▸ Your instructions: Copy all entries without alteration and skip the pictures they hold.
___
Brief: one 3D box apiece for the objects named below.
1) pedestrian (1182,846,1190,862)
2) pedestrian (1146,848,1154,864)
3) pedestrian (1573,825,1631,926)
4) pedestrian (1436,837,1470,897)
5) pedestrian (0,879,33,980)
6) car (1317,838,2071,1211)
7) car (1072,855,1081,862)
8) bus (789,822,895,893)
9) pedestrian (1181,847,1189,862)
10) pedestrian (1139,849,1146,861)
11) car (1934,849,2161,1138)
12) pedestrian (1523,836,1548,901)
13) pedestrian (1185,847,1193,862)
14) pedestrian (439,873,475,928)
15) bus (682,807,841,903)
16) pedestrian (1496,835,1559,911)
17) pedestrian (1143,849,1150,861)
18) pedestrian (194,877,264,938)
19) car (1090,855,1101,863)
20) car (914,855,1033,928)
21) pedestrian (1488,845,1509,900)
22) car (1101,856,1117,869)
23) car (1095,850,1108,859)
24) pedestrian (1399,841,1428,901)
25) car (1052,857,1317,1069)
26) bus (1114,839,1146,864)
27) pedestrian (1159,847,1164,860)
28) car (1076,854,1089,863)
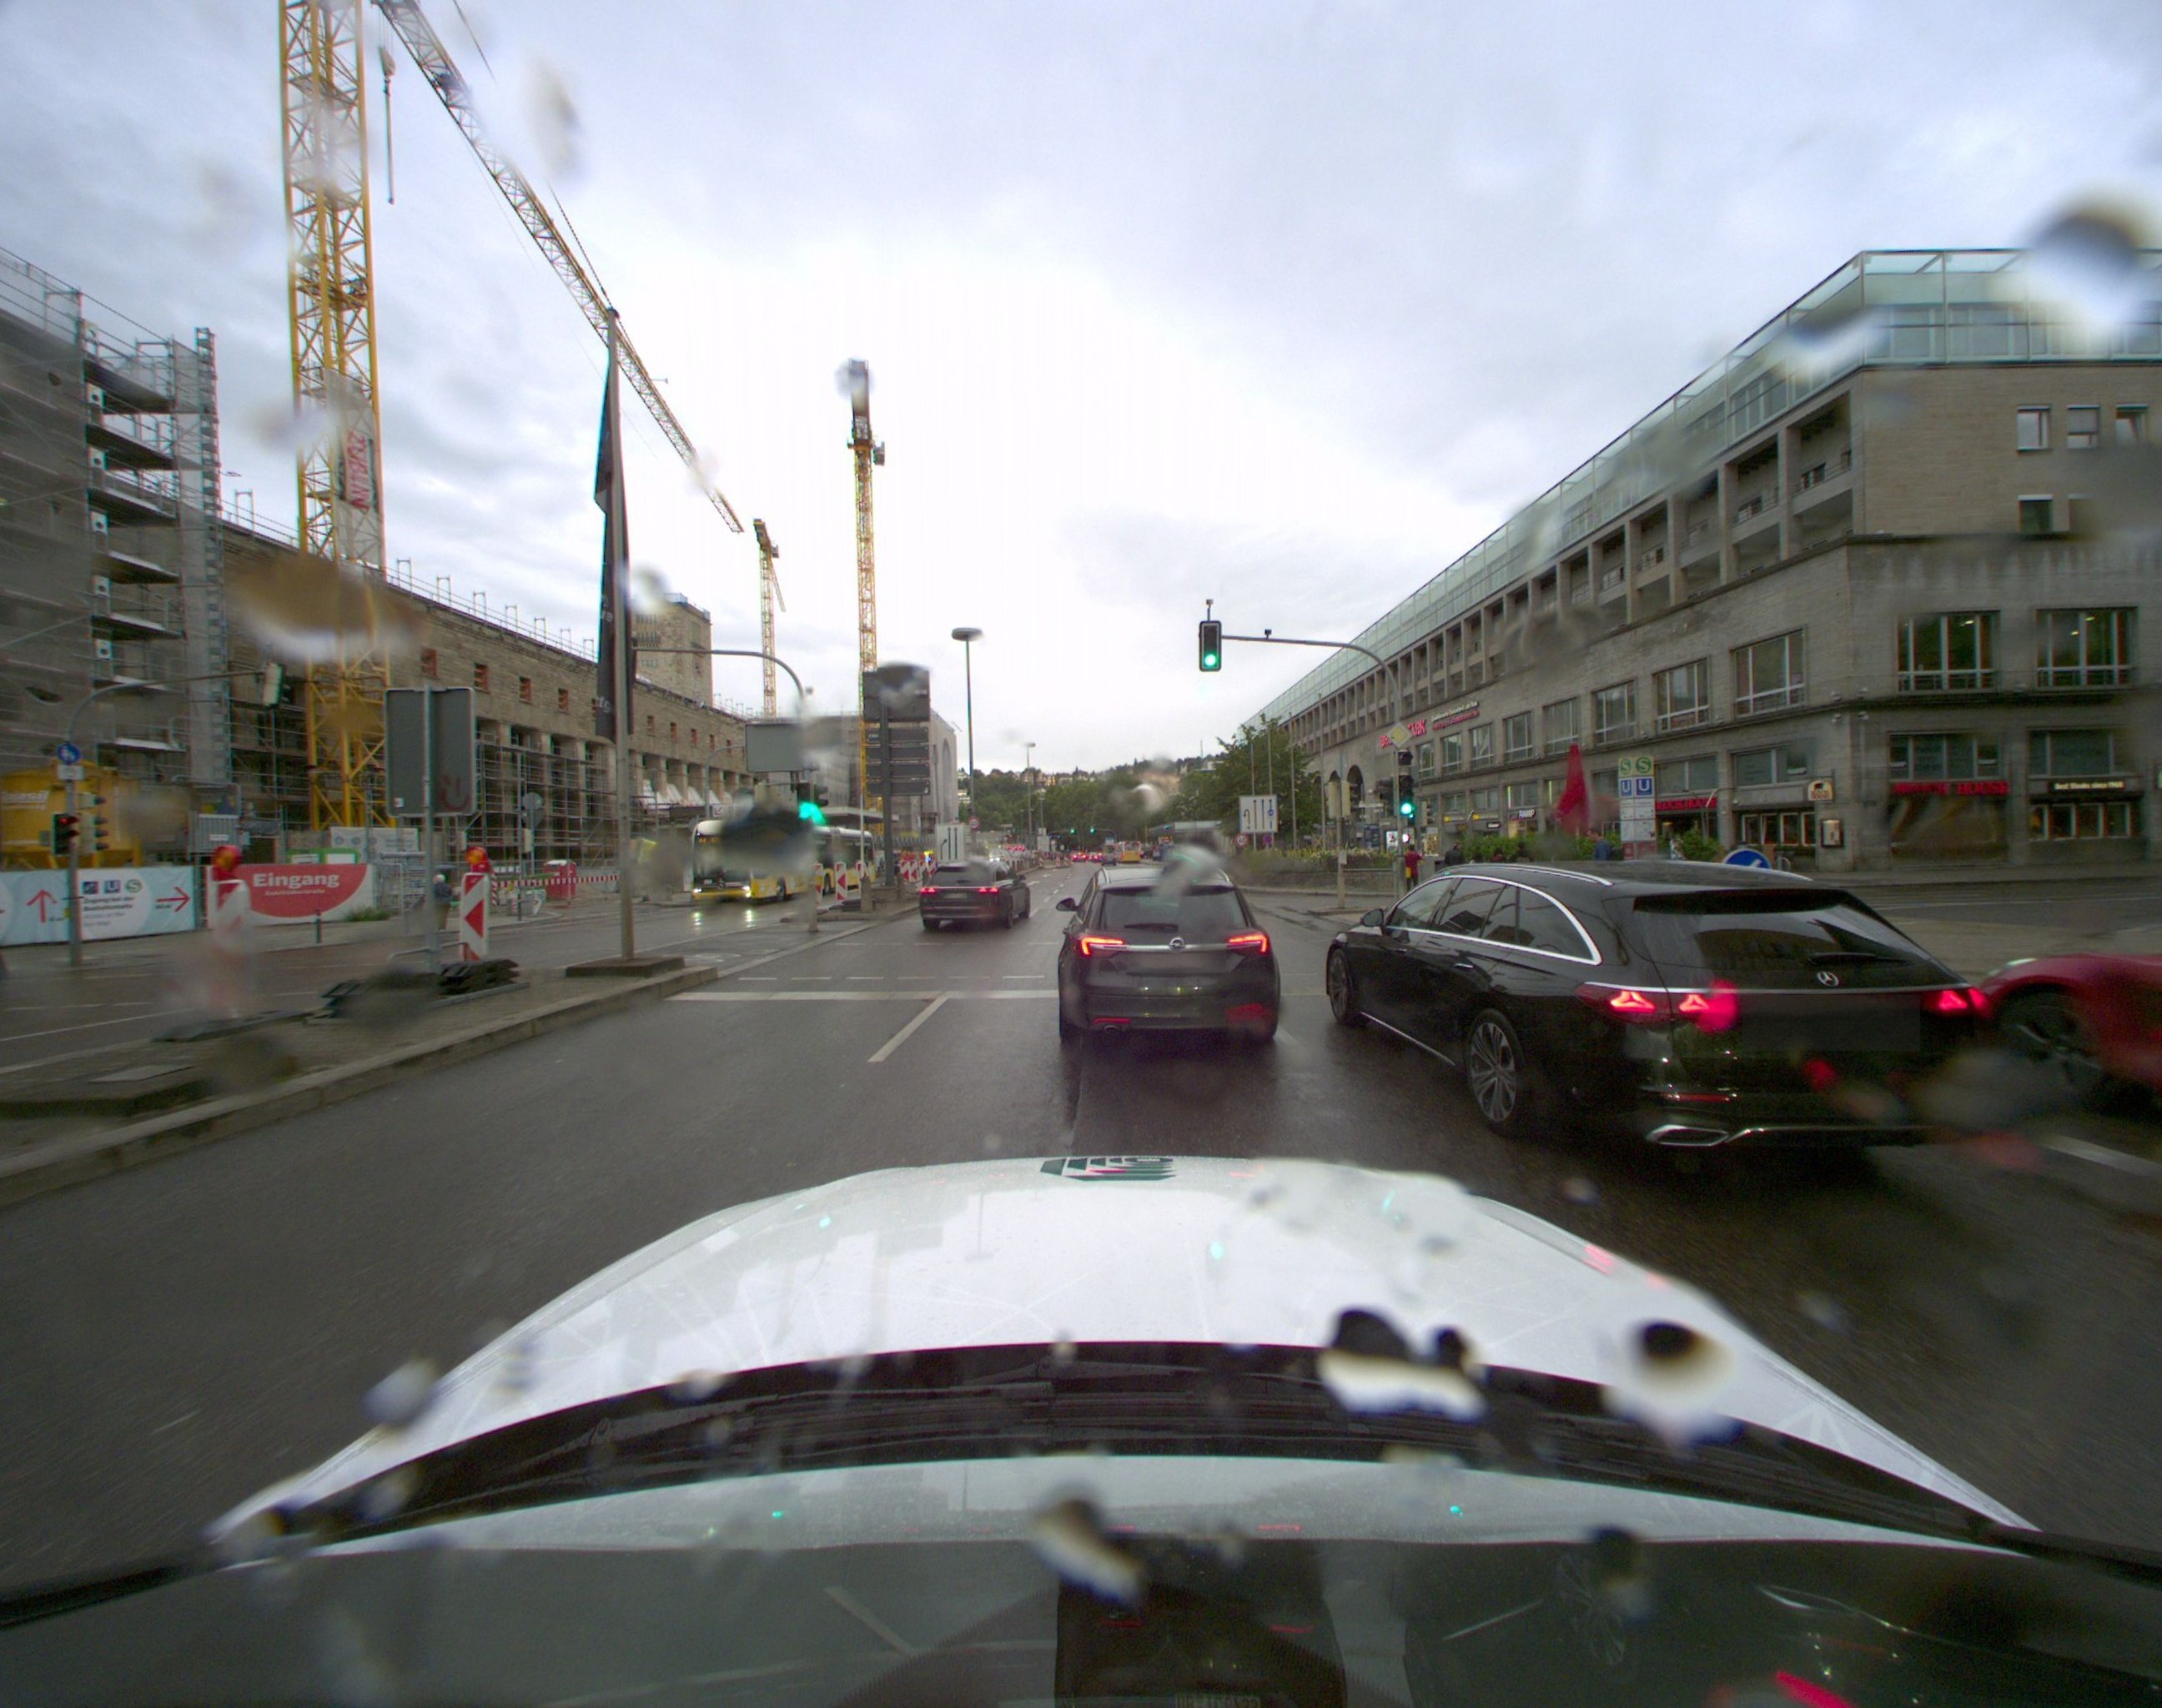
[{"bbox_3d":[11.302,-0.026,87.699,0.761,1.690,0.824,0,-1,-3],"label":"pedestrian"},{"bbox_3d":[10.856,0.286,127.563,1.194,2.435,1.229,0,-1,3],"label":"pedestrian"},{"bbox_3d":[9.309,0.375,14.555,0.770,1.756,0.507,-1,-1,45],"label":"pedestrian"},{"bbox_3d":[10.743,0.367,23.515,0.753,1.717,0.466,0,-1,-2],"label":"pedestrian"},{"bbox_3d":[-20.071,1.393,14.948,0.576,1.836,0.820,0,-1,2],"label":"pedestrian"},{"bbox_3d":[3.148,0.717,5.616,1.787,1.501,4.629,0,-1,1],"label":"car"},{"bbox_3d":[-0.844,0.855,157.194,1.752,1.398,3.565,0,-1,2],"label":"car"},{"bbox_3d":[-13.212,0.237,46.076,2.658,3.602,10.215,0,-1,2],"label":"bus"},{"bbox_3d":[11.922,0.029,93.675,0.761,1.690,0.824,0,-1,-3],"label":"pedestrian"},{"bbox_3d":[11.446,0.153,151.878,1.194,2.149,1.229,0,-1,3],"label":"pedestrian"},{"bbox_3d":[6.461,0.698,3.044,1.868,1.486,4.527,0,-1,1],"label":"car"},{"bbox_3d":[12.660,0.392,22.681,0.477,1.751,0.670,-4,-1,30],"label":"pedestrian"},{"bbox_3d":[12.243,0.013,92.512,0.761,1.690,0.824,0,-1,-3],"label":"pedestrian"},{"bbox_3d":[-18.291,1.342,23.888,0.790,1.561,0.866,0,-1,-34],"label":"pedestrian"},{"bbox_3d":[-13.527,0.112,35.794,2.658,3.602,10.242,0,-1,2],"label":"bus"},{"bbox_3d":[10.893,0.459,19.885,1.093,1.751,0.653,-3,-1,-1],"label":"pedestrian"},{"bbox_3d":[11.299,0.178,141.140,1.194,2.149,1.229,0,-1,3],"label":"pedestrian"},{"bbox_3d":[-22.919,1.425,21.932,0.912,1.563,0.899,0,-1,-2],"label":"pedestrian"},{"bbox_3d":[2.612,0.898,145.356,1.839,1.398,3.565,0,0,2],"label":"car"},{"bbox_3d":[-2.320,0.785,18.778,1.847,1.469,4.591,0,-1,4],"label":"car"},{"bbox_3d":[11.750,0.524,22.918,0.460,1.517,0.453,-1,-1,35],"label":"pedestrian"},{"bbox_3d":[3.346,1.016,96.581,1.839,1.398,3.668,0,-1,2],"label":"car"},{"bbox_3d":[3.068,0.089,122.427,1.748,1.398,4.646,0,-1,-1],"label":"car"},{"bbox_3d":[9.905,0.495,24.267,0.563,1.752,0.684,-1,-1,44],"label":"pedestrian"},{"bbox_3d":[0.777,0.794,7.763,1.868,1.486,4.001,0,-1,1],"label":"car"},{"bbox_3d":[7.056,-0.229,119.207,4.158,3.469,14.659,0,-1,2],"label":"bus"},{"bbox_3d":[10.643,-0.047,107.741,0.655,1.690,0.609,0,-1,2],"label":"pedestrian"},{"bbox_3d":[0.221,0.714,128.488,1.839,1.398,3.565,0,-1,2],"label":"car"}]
___
▸ Task output:
Brief: one 3D box apiece for the objects named below.
1) pedestrian (1182,846,1190,862)
2) pedestrian (1146,848,1154,864)
3) pedestrian (1573,825,1631,926)
4) pedestrian (1436,837,1470,897)
5) pedestrian (0,879,33,980)
6) car (1317,838,2071,1211)
7) car (1072,855,1081,862)
8) bus (789,822,895,893)
9) pedestrian (1181,847,1189,862)
10) pedestrian (1139,849,1146,861)
11) car (1934,849,2161,1138)
12) pedestrian (1523,836,1548,901)
13) pedestrian (1185,847,1193,862)
14) pedestrian (439,873,475,928)
15) bus (682,807,841,903)
16) pedestrian (1496,835,1559,911)
17) pedestrian (1143,849,1150,861)
18) pedestrian (194,877,264,938)
19) car (1090,855,1101,863)
20) car (914,855,1033,928)
21) pedestrian (1488,845,1509,900)
22) car (1101,856,1117,869)
23) car (1095,850,1108,859)
24) pedestrian (1399,841,1428,901)
25) car (1052,857,1317,1069)
26) bus (1114,839,1146,864)
27) pedestrian (1159,847,1164,860)
28) car (1076,854,1089,863)
[{"bbox_3d":[11.302,-0.026,87.699,0.761,1.690,0.824,0,-1,-3],"label":"pedestrian"},{"bbox_3d":[10.856,0.286,127.563,1.194,2.435,1.229,0,-1,3],"label":"pedestrian"},{"bbox_3d":[9.309,0.375,14.555,0.770,1.756,0.507,-1,-1,45],"label":"pedestrian"},{"bbox_3d":[10.743,0.367,23.515,0.753,1.717,0.466,0,-1,-2],"label":"pedestrian"},{"bbox_3d":[-20.071,1.393,14.948,0.576,1.836,0.820,0,-1,2],"label":"pedestrian"},{"bbox_3d":[3.148,0.717,5.616,1.787,1.501,4.629,0,-1,1],"label":"car"},{"bbox_3d":[-0.844,0.855,157.194,1.752,1.398,3.565,0,-1,2],"label":"car"},{"bbox_3d":[-13.212,0.237,46.076,2.658,3.602,10.215,0,-1,2],"label":"bus"},{"bbox_3d":[11.922,0.029,93.675,0.761,1.690,0.824,0,-1,-3],"label":"pedestrian"},{"bbox_3d":[11.446,0.153,151.878,1.194,2.149,1.229,0,-1,3],"label":"pedestrian"},{"bbox_3d":[6.461,0.698,3.044,1.868,1.486,4.527,0,-1,1],"label":"car"},{"bbox_3d":[12.660,0.392,22.681,0.477,1.751,0.670,-4,-1,30],"label":"pedestrian"},{"bbox_3d":[12.243,0.013,92.512,0.761,1.690,0.824,0,-1,-3],"label":"pedestrian"},{"bbox_3d":[-18.291,1.342,23.888,0.790,1.561,0.866,0,-1,-34],"label":"pedestrian"},{"bbox_3d":[-13.527,0.112,35.794,2.658,3.602,10.242,0,-1,2],"label":"bus"},{"bbox_3d":[10.893,0.459,19.885,1.093,1.751,0.653,-3,-1,-1],"label":"pedestrian"},{"bbox_3d":[11.299,0.178,141.140,1.194,2.149,1.229,0,-1,3],"label":"pedestrian"},{"bbox_3d":[-22.919,1.425,21.932,0.912,1.563,0.899,0,-1,-2],"label":"pedestrian"},{"bbox_3d":[2.612,0.898,145.356,1.839,1.398,3.565,0,0,2],"label":"car"},{"bbox_3d":[-2.320,0.785,18.778,1.847,1.469,4.591,0,-1,4],"label":"car"},{"bbox_3d":[11.750,0.524,22.918,0.460,1.517,0.453,-1,-1,35],"label":"pedestrian"},{"bbox_3d":[3.346,1.016,96.581,1.839,1.398,3.668,0,-1,2],"label":"car"},{"bbox_3d":[3.068,0.089,122.427,1.748,1.398,4.646,0,-1,-1],"label":"car"},{"bbox_3d":[9.905,0.495,24.267,0.563,1.752,0.684,-1,-1,44],"label":"pedestrian"},{"bbox_3d":[0.777,0.794,7.763,1.868,1.486,4.001,0,-1,1],"label":"car"},{"bbox_3d":[7.056,-0.229,119.207,4.158,3.469,14.659,0,-1,2],"label":"bus"},{"bbox_3d":[10.643,-0.047,107.741,0.655,1.690,0.609,0,-1,2],"label":"pedestrian"},{"bbox_3d":[0.221,0.714,128.488,1.839,1.398,3.565,0,-1,2],"label":"car"}]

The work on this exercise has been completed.